--- START ---

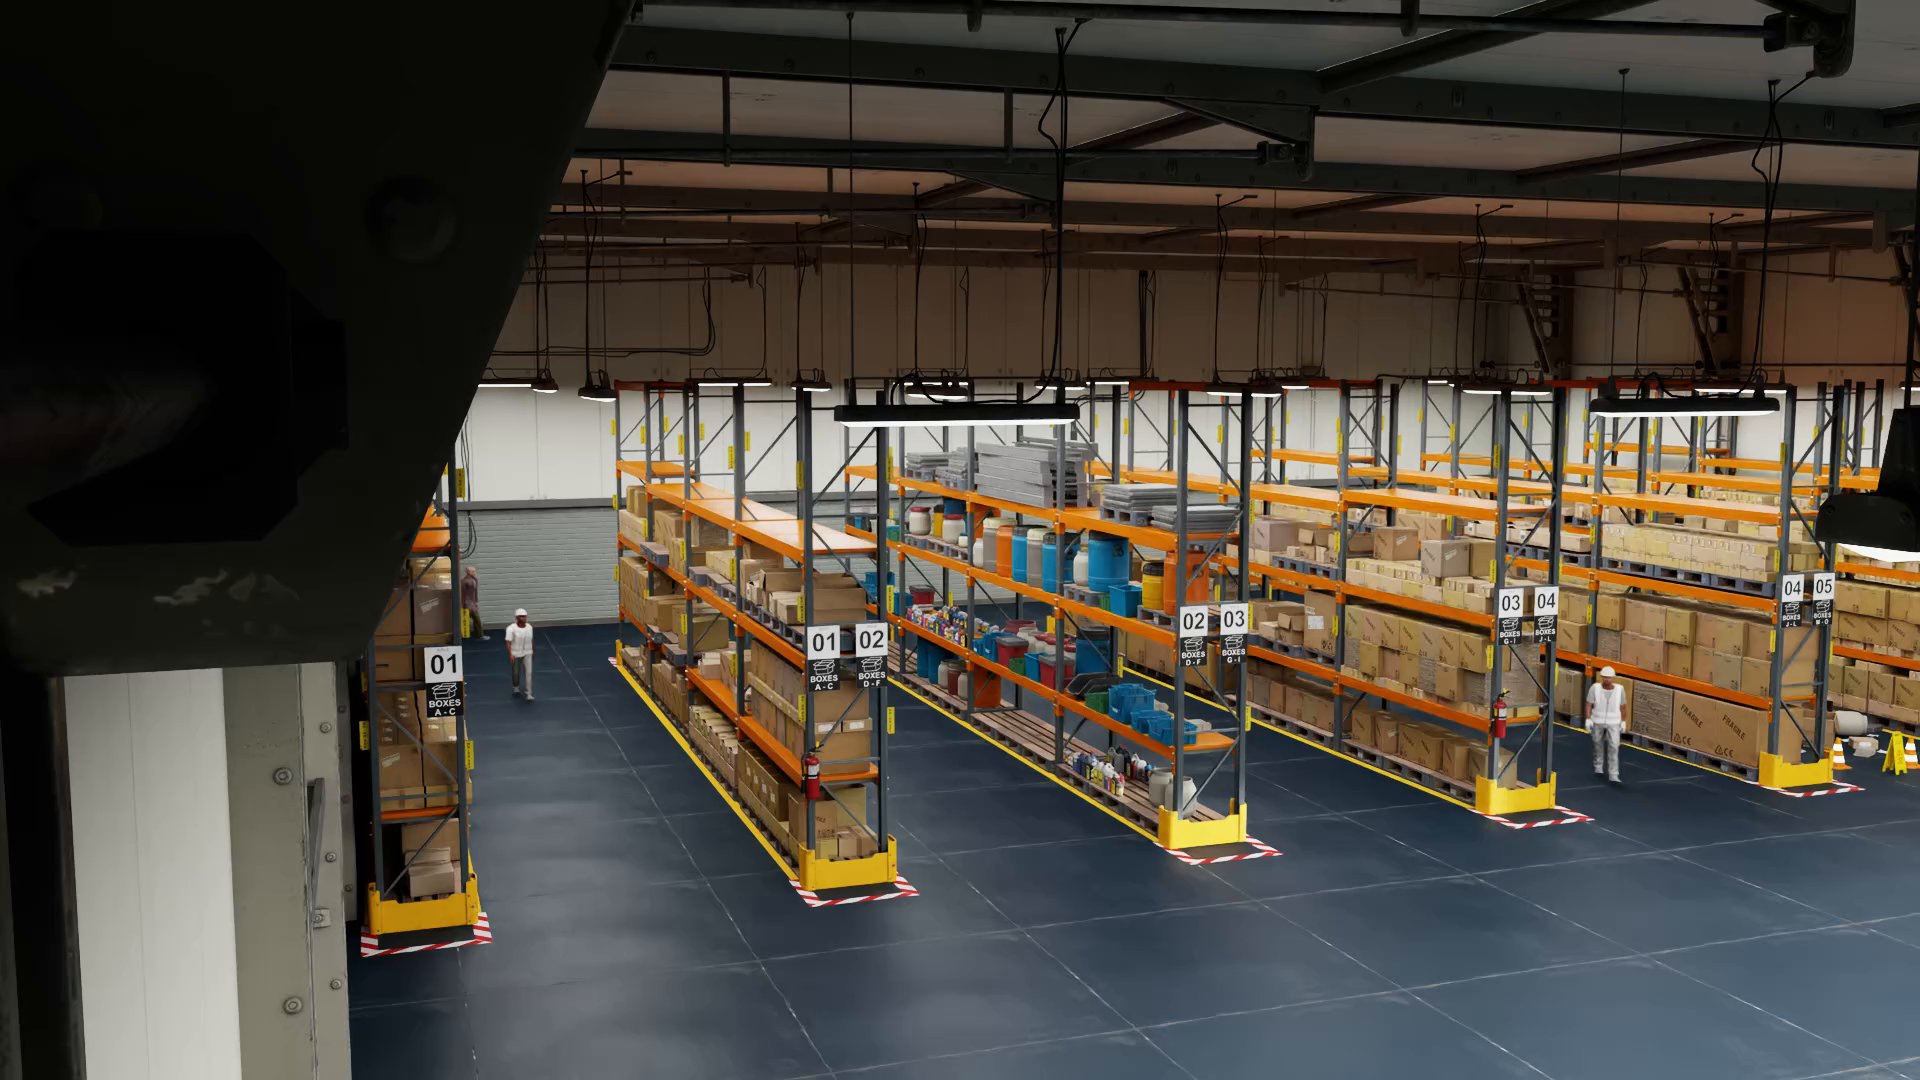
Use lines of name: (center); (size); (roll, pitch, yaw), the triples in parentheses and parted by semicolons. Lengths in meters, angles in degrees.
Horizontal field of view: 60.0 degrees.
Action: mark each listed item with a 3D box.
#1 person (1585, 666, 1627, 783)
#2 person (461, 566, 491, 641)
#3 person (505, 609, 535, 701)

--- END ---

[Exercise description] Everything in the material except the pictures should be restated word for word.

[Problem solution]
Use lines of name: (center); (size); (roll, pitch, yaw), the triples in parentheses and parted by semicolons. Lengths in meters, angles in degrees.
Horizontal field of view: 60.0 degrees.
Action: mark each listed item with a 3D box.
#1 person (1585, 666, 1627, 783)
#2 person (461, 566, 491, 641)
#3 person (505, 609, 535, 701)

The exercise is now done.